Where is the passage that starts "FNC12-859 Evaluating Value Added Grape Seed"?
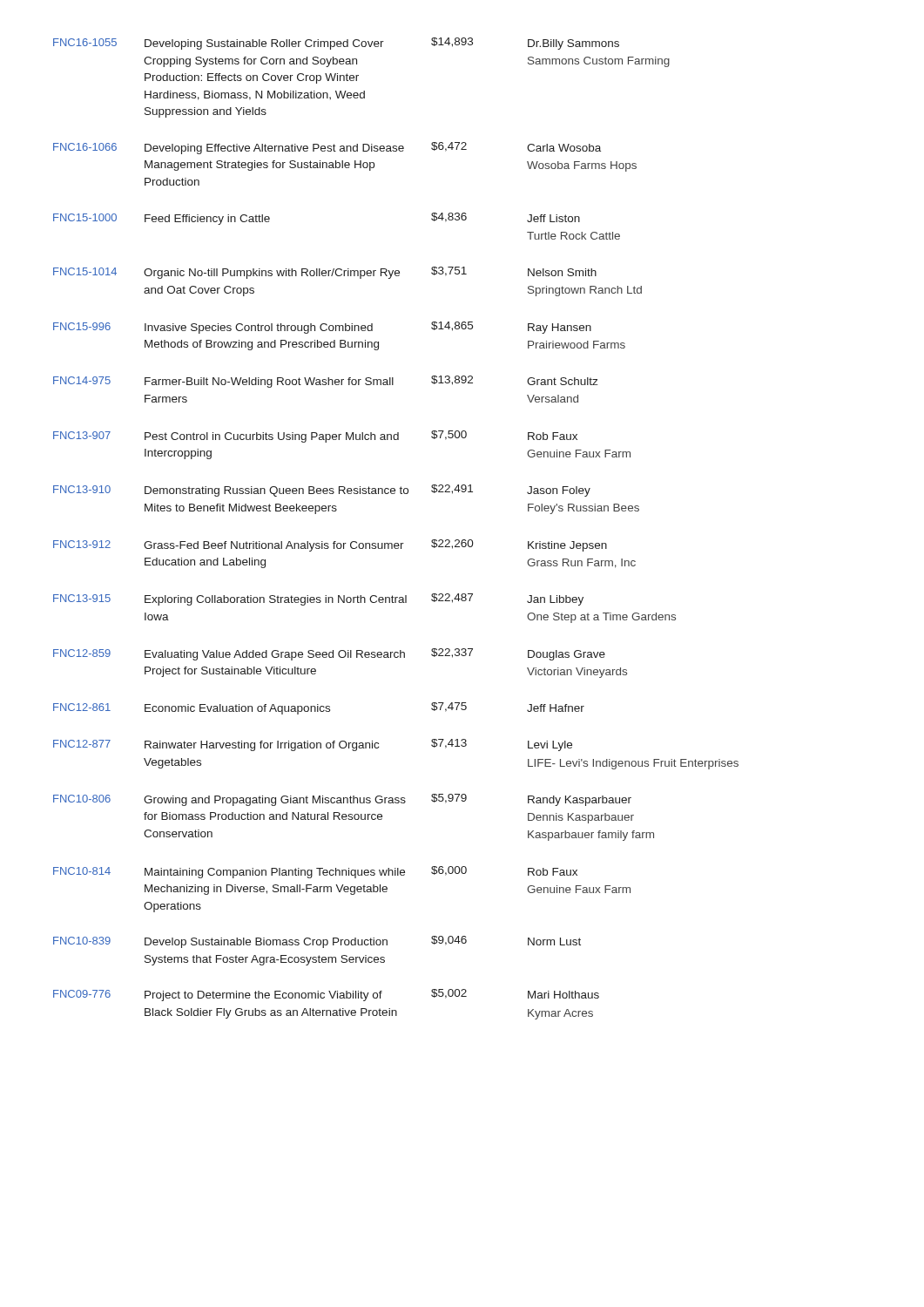This screenshot has height=1307, width=924. click(462, 663)
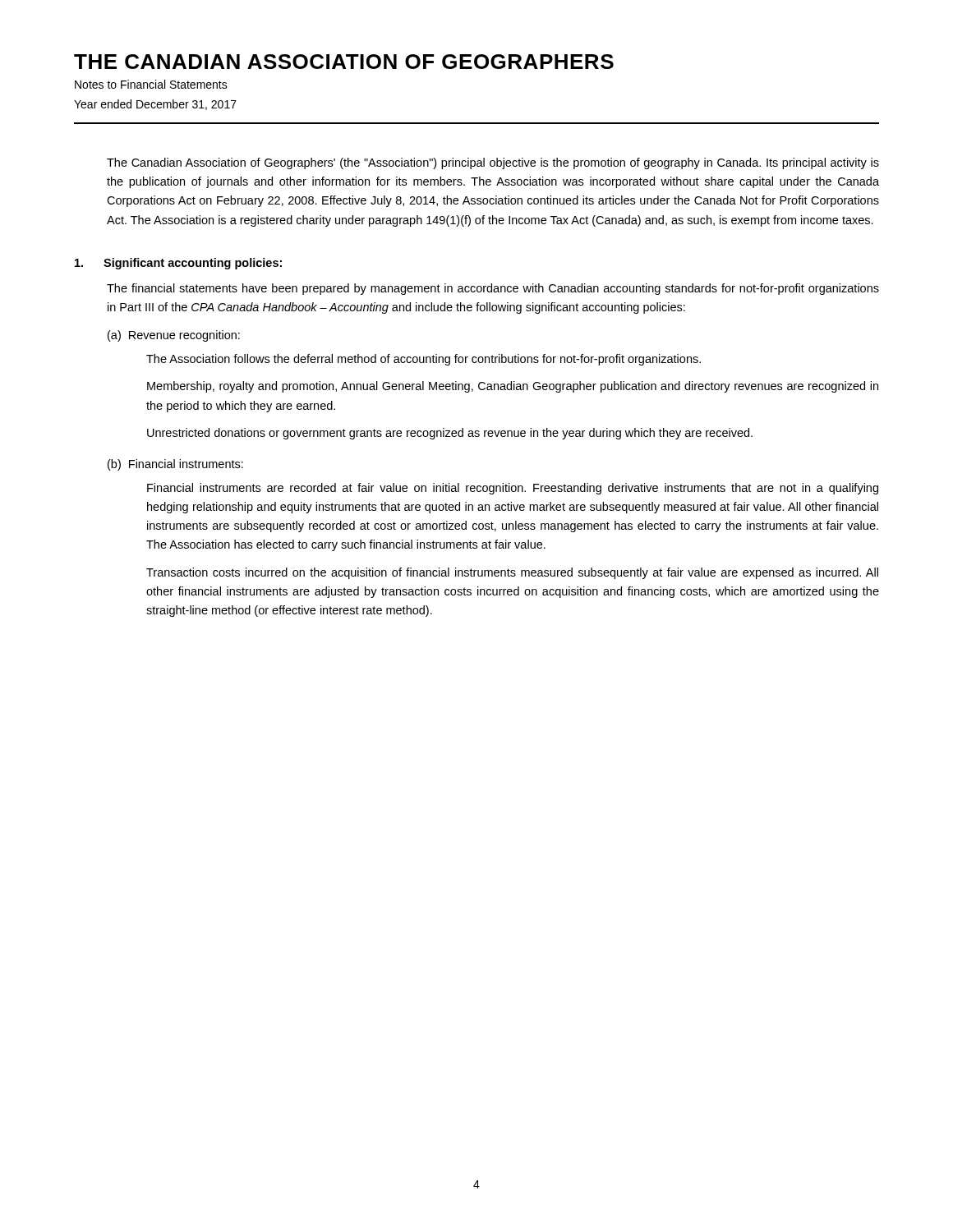Find the passage starting "The financial statements have been prepared"
The image size is (953, 1232).
pos(493,298)

________________________________________

> **What to work on**
Here the job is to print all the entries above exactly, minus the images.

> **Task answer**
Where is the passage that starts "FNC12-859 Evaluating Value Added Grape Seed"?
This screenshot has height=1307, width=924. click(462, 663)
Find the passage starting "The financial statements have been prepared"
The image size is (953, 1232).
pos(493,298)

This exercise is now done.